Marfan syndrome (MFS) is an inherited connective tissue disorder noteworthy for its worldwide distribution, relatively high prevalence, and clinical variability. This autosomal dominant syndrome has pleiotropic manifestations involving primarily the ocular, cardiovascular, and skeletal systems. [1, 2] Classic MFS (MFS type 1, MFS1) has been considered a condition caused by the deficiency of a structural extracellular matrix protein, fibrillin-1; however, studies of Marfan mouse models and Marfan-related conditions have expanded our current understanding to a pathogenic model that involves dysregulation of cytokine-transforming growth factor beta (TGFβ) signaling. [3, 4]  Patients who have clinical findings of MFS, as well as genetic variants in the transforming growth factor-beta receptor-1 gene (TGFβR1) or the transforming growth factor-beta receptor-2 gene (TGFβR2), are designated as having MFS type 2 (MFS2). [5]

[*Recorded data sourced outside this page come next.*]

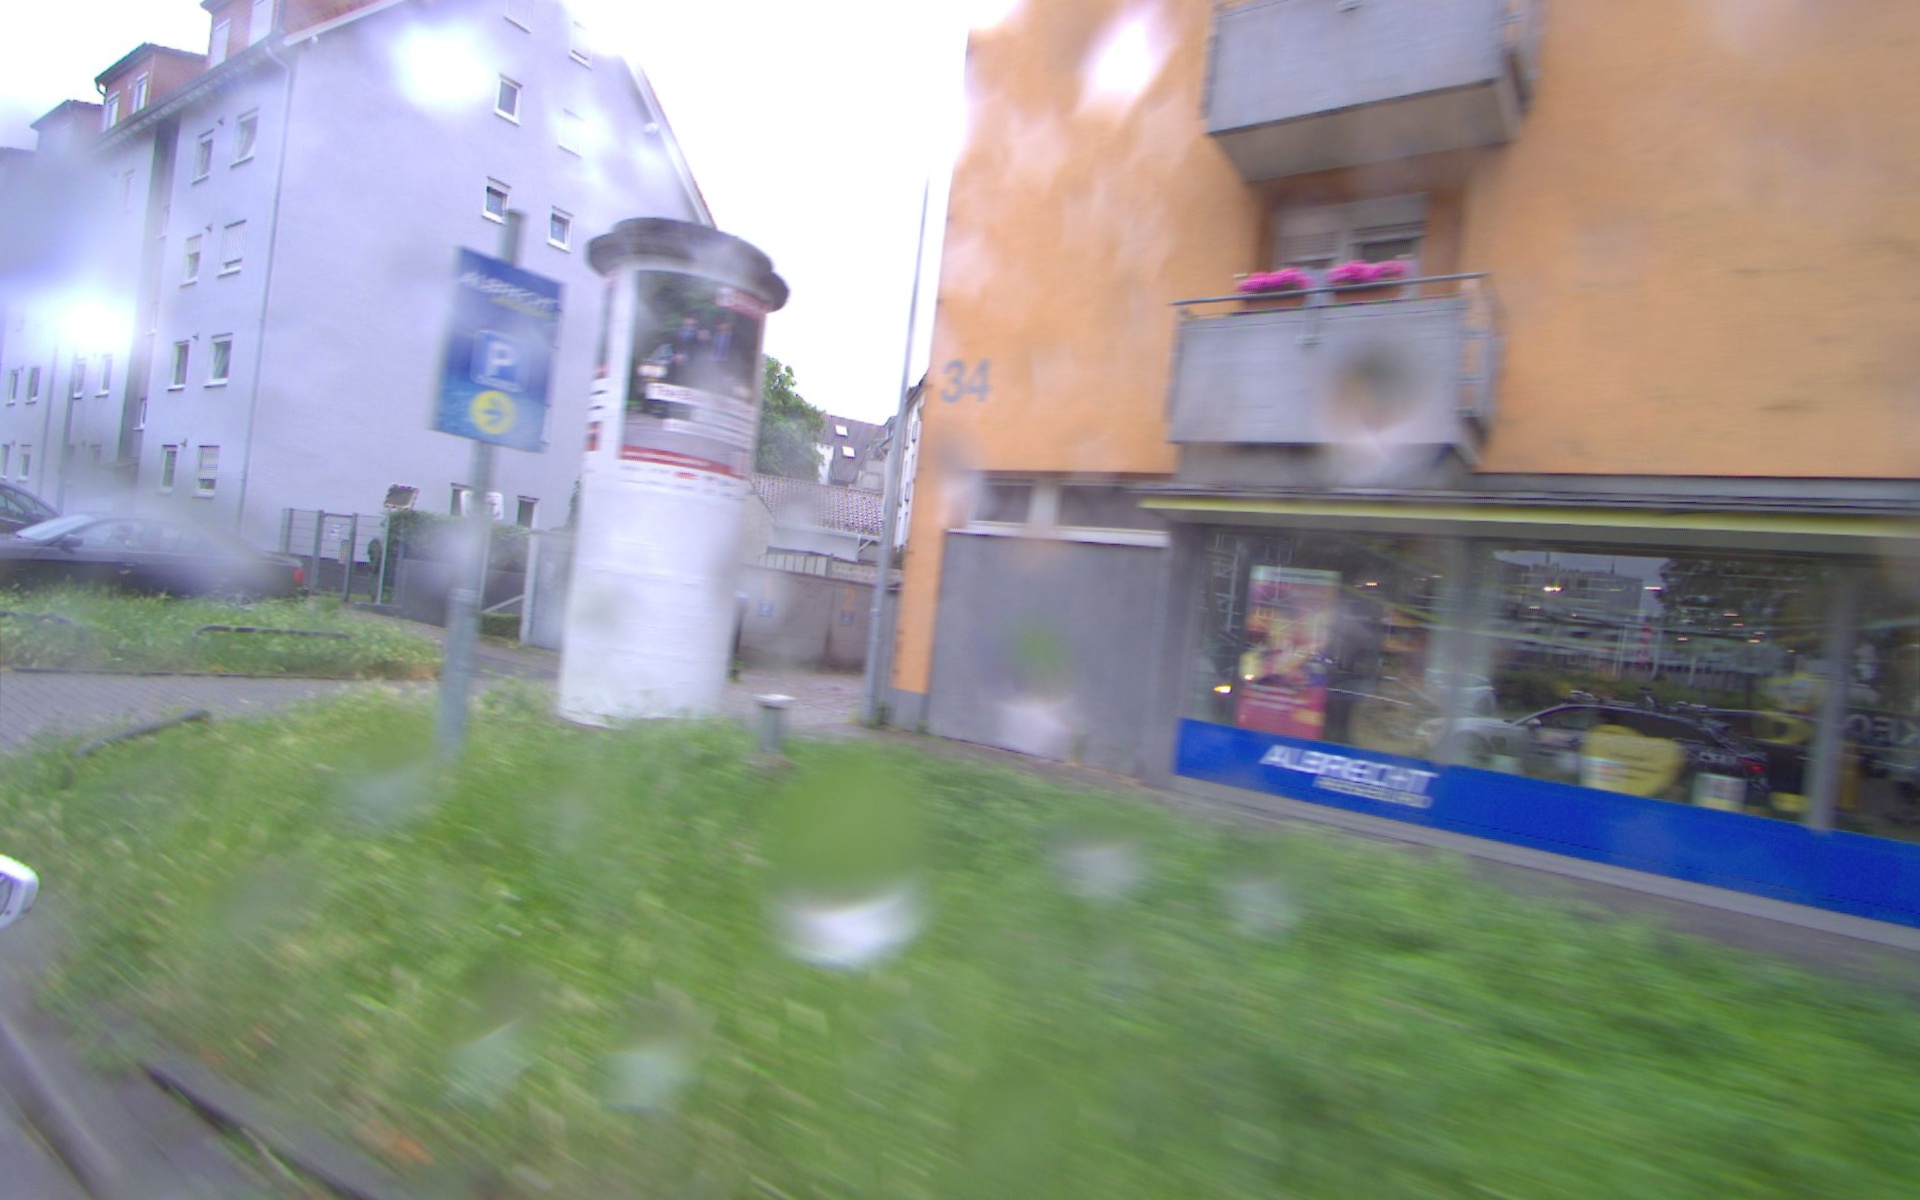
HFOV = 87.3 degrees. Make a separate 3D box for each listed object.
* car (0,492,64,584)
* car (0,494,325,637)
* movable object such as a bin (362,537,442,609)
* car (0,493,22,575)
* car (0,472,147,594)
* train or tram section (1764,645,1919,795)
[{"bbox_3d":[-18.844,-1.350,17.685,1.858,1.587,4.194,6,-1,33],"label":"car"},{"bbox_3d":[-11.258,-0.472,13.146,1.952,1.488,4.535,6,-1,35],"label":"car"},{"bbox_3d":[-12.309,-0.581,22.200,0.811,1.394,1.233,7,0,42],"label":"movable object such as a bin"},{"bbox_3d":[-20.961,-1.594,19.125,1.860,1.590,4.186,6,-2,34],"label":"car"},{"bbox_3d":[-16.494,-1.253,16.652,1.913,1.827,4.236,6,0,32],"label":"car"},{"bbox_3d":[24.161,3.071,22.620,2.602,3.390,9.971,7,-1,-10],"label":"train or tram section"}]
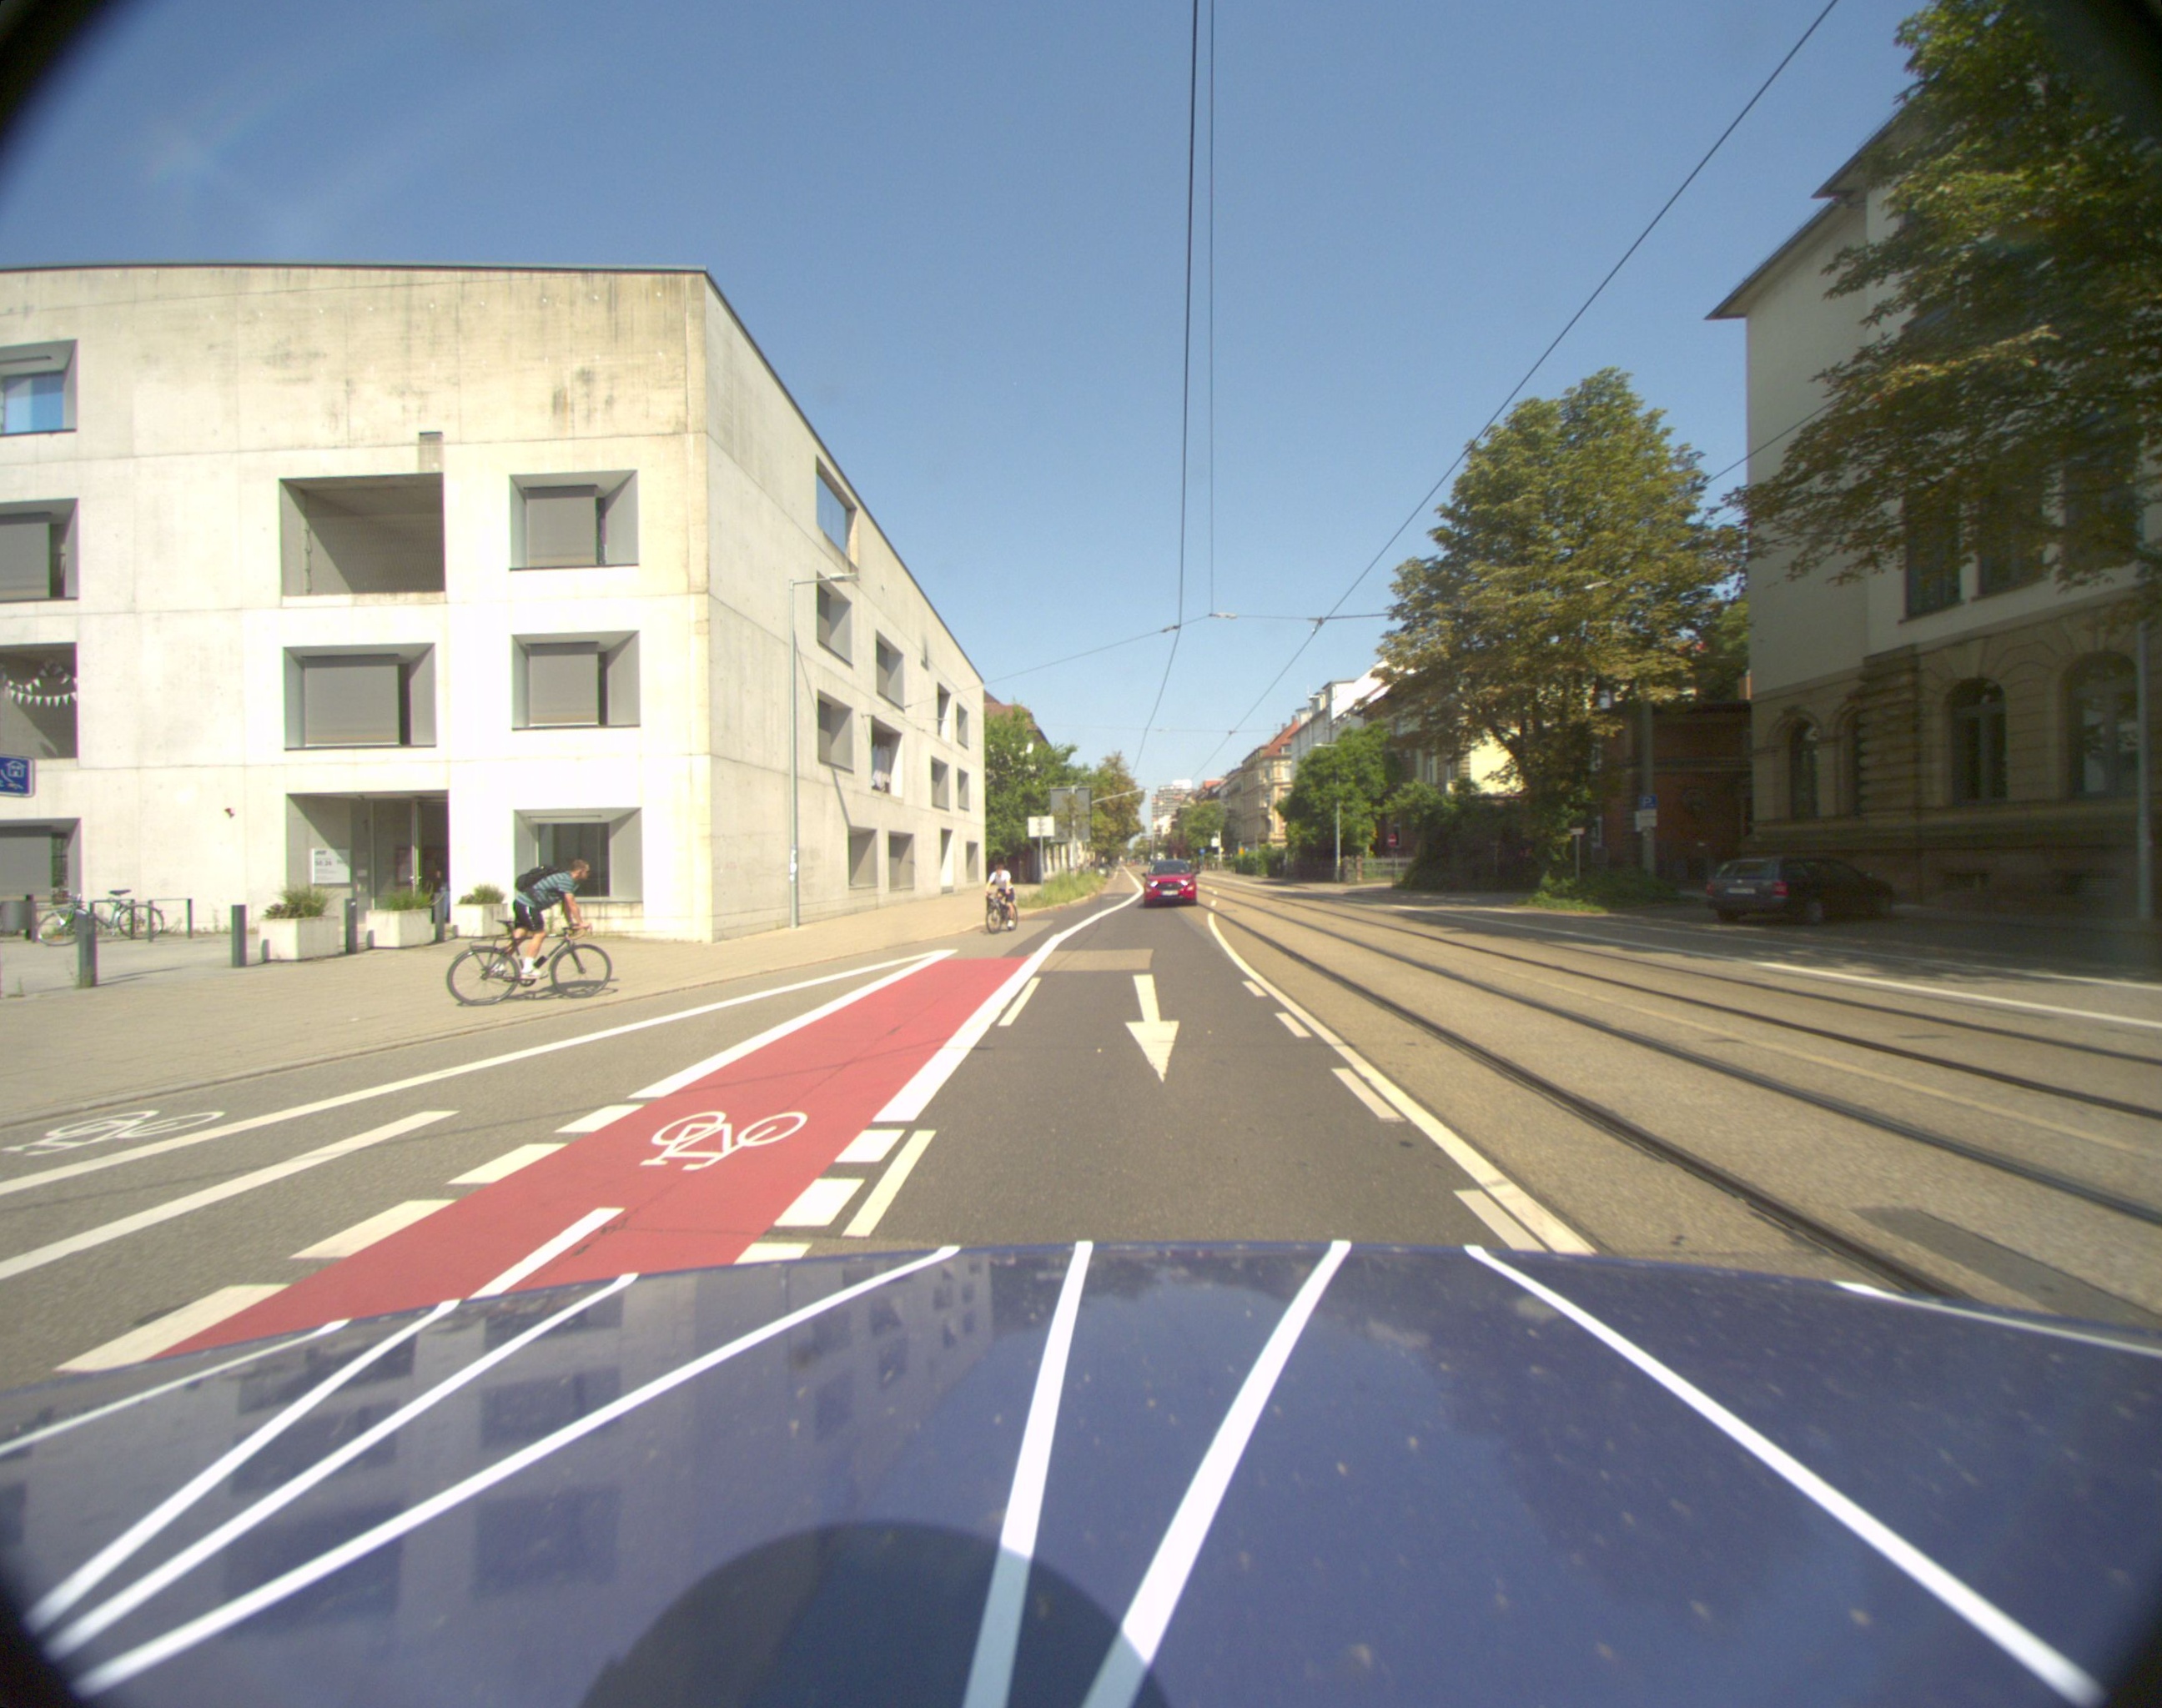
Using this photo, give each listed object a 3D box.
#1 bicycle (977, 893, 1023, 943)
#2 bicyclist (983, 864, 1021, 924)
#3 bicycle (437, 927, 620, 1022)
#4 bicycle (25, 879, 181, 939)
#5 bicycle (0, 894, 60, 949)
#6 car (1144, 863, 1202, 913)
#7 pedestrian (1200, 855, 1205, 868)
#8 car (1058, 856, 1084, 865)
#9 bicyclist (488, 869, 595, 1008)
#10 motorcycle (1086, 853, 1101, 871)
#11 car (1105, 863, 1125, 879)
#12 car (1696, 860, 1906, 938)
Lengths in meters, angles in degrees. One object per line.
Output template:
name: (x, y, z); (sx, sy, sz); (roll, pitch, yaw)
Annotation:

Signs and symptoms of Marfan syndrome

Clinical presentations are as follows:

  • Delayed achievement of gross and fine motor milestones due to ligamentous laxity of the hips, knees, ankles, plantar arches, wrists, and fingers
  • A decrescendo diastolic murmur from aortic regurgitation
  • An ejection click at the apex followed by a holosystolic high-pitched murmur due to mitral prolapse and regurgitation
  • Dysrhythmia (a primary feature)
  • Abrupt onset of thoracic pain, which occurs in more than 90% of patients with aortic dissection
  • Low back pain near the tailbone, burning sensation and numbness or weakness in the legs in severe dural ectasia. 
  • Joint pain in older patients
  • Dyspnea, severe palpitations, and substernal pain in significant  pectus excavatum
  • Breathlessness, often associated with chest pain, in spontaneous pneumothorax
  • Visual problems, such as vision impairment due to lens dislocation or retinal detachment

Workup in Marfan syndrome

Lab studies

Currently, the standard of care in MFS is to obtain confirmatory molecular diagnostics on patients with the syndrome and their family members, due to the variable expression of MFS and the diagnosable "look-alike" conditions.

Molecular studies of the fibrillin-1 (FBN1) gene should be performed in patients in whom MFS is suspected. Mutation analysis can identify the exact mutation in the fibrillin gene, and linkage analysis can be used to track an abnormal fibrillin gene within a family. [6]

Imaging studies

Chest radiography should be focused on apical blebs. Chest radiographs may also detect a thoracic aortic dissection by demonstrating enlargement of the aortic and cardiac silhouette. Pelvic radiography may be required if a positive finding of protrusio acetabula is needed for the diagnosis.

Standard echocardiography is valuable to assess mitral valve prolapse, left ventricular size and function, left atrial size, and tricuspid valve function.

Cross-sectional echocardiography is a common tool used to diagnose and manage aortic root dilatation. The upper limit of normal aortic root size is 1.9 cm/m2 of body surface area and is independent of the patient's sex.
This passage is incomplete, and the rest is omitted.